Dr. Kasumov’s research has been focused on developing new high-throughput mass spectrometry-based technologies to understand dysregulated lipid, glucose and protein metabolism in obesity-associated diseases, including type 2 diabetes mellitus (T2DM) and non-alcoholic fatty liver disease (NAFLD) and their cardiovascular complications. We use different systems biology approaches coupled with biochemical and molecular techniques to elucidate the mechanisms of disrupted glucose, lipid and protein homeostasis, in the hope of uncovering novel therapeutic approaches.
Yoon-Kwang Lee, Ph.D.
Dr. Lee’s laboratory investigates the underlying molecular mechanisms of obesity and how they are related to metabolic disorders such as diabetes and fatty liver disease, which are pandemic in modern society due to high caloric intake and sedentary lifestyle. They focus on the group of proteins playing critical roles in bile acid and lipid synthesis pathways. Dr. Lee uses mouse models deficient in each of these proteins, which are strongly reminiscent of these disorders. The molecular and biochemical assessment of these models will help to understand the development of metabolic disorders and provide therapeutic or preventative approaches to halt their progression.
Priya Raman, Ph.D.
Dr. Raman’s laboratory studies vascular complications associated with diabetes, obesity and metabolic syndrome (MetS). In particular, our laboratory is interested in the role of ‘non-lipid factors’ such as thrombospondin-1 (TSP-1, a matricellular protein) and O-linked N-acetylglucosamine signaling (O-GlcNAc, a post-translational protein modification) in the pathogenesis of macrovascular disorders associated with diabetes and metabolic syndrome.
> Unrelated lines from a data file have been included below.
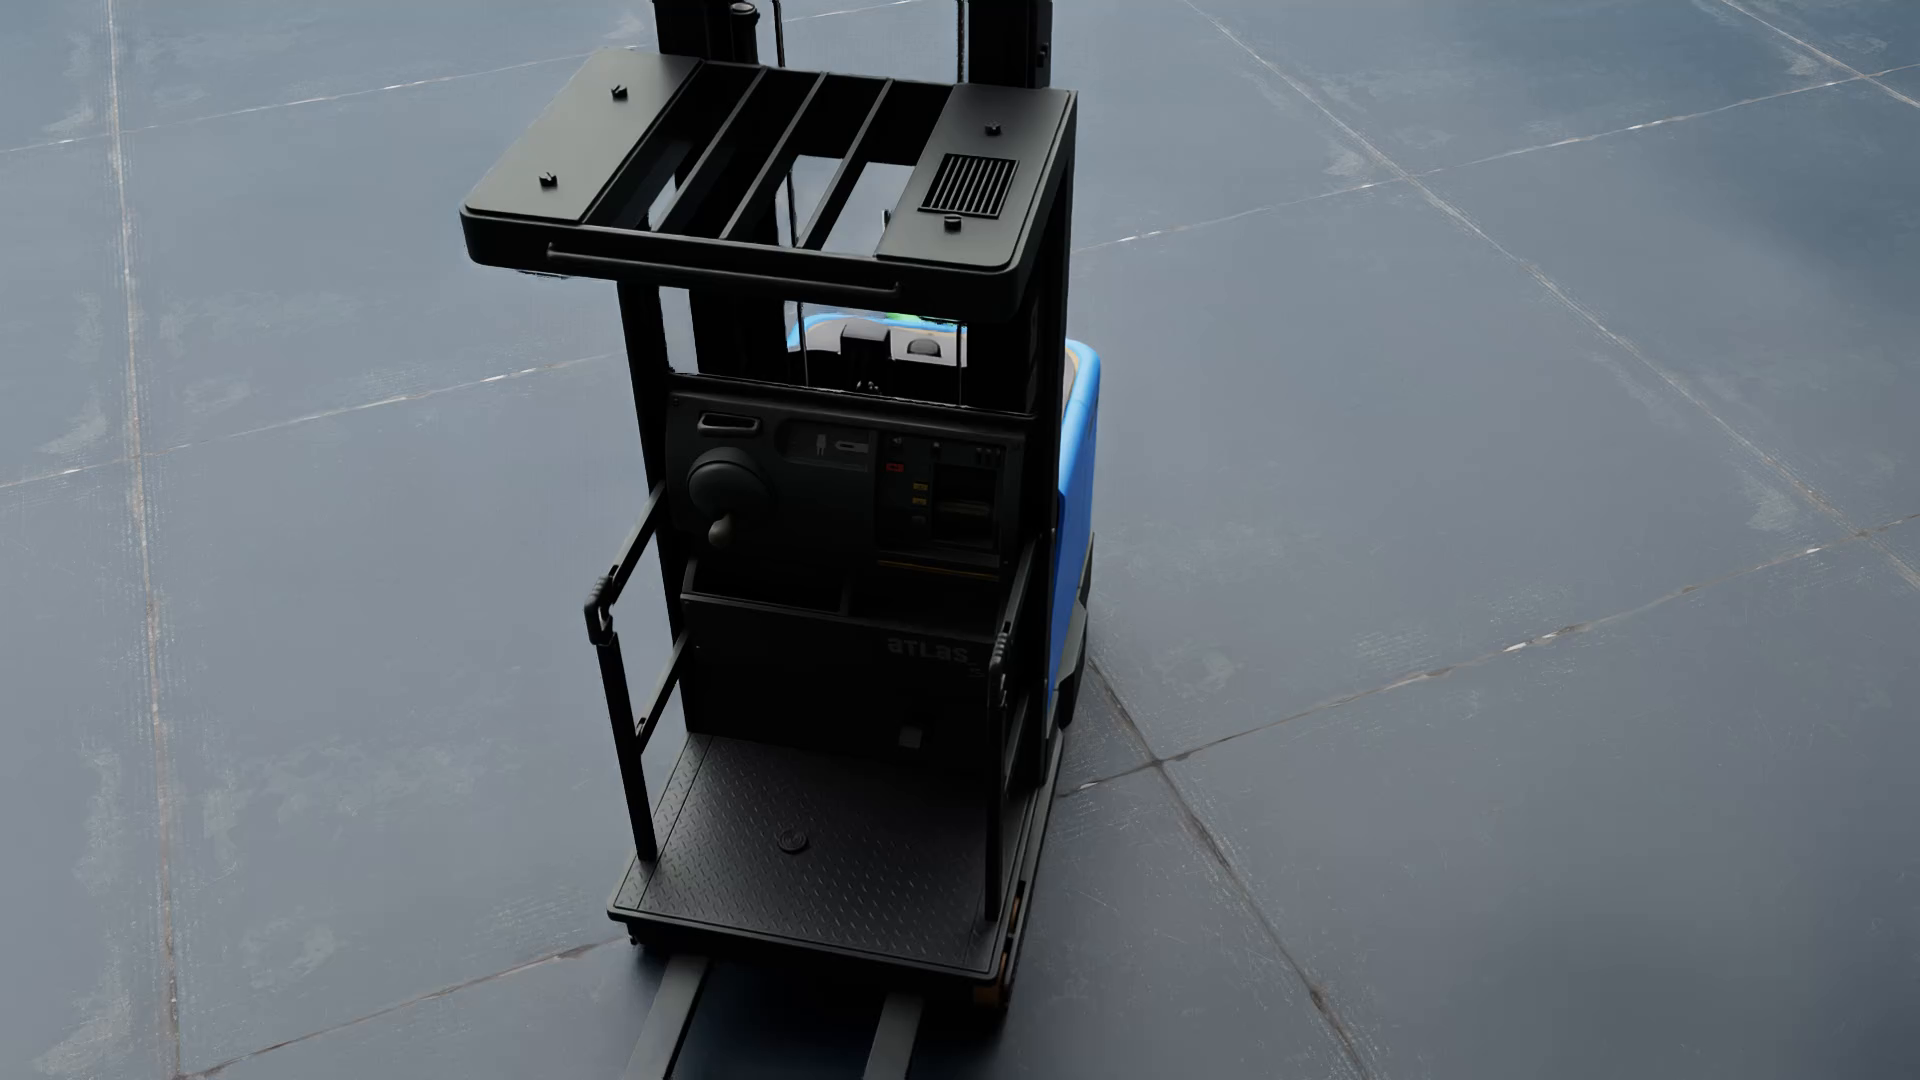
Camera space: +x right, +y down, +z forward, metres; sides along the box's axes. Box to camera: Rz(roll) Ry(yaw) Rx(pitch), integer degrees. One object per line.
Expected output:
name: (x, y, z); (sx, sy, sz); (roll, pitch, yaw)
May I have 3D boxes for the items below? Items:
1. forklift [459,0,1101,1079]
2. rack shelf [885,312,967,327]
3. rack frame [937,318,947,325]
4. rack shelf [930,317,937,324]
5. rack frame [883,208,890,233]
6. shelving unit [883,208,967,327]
forklift: (-0.341, -0.061, 4.072); (1.130, 2.935, 3.031); (8, 41, 9)
rack shelf: (-0.060, -0.702, 5.876); (0.258, 0.148, 0.480); (-15, 43, -17)
rack frame: (0.035, -0.422, 5.820); (0.240, 1.200, 0.015); (-15, 43, -17)
rack shelf: (-0.060, -0.884, 5.719); (0.258, 0.148, 0.480); (-15, 43, -17)
rack frame: (-0.154, -0.715, 6.161); (0.240, 1.200, 0.015); (-15, 43, -17)
shelving unit: (-0.060, -0.568, 5.991); (0.258, 1.200, 0.503); (-15, 43, -17)

We are specifically interrogating the cellular and molecular mechanisms by which TSP-1 and O-GlcNAc signaling regulate transition of VSMC and macrophages to atherogenic and inflammatory phenotypes, triggering augmented atherosclerotic complications in diabetes and MetS. We utilize a variety of biochemical, histological and molecular biology approaches in combination with en-face atherosclerotic lesion assay, non-invasive high-frequency ultrasound imaging, EchoMRI and CLAMS studies. In addition, we use human and mouse cell culture models in conjunction with in vivo mouse models of diabetes, obesity and atherosclerosis, including both conventional and inducible tissue-specific knockout mice.
Liya Yin, M.D., Ph.D.
Dr. Yin’s lab works on lipid metabolism, atherosclerosis, and cardiovascular phenotypes in metabolic syndrome, such as dysregulation of coronary circulation, impaired coronary collateral growth, stem cell dysfunction in cardiovascular regeneration. Her group performs a variety of in vitro and in vivo studies to investigate the pathogenic mechanisms of cardiovascular diseases, in hoping for identifying novel therapeutic approaches.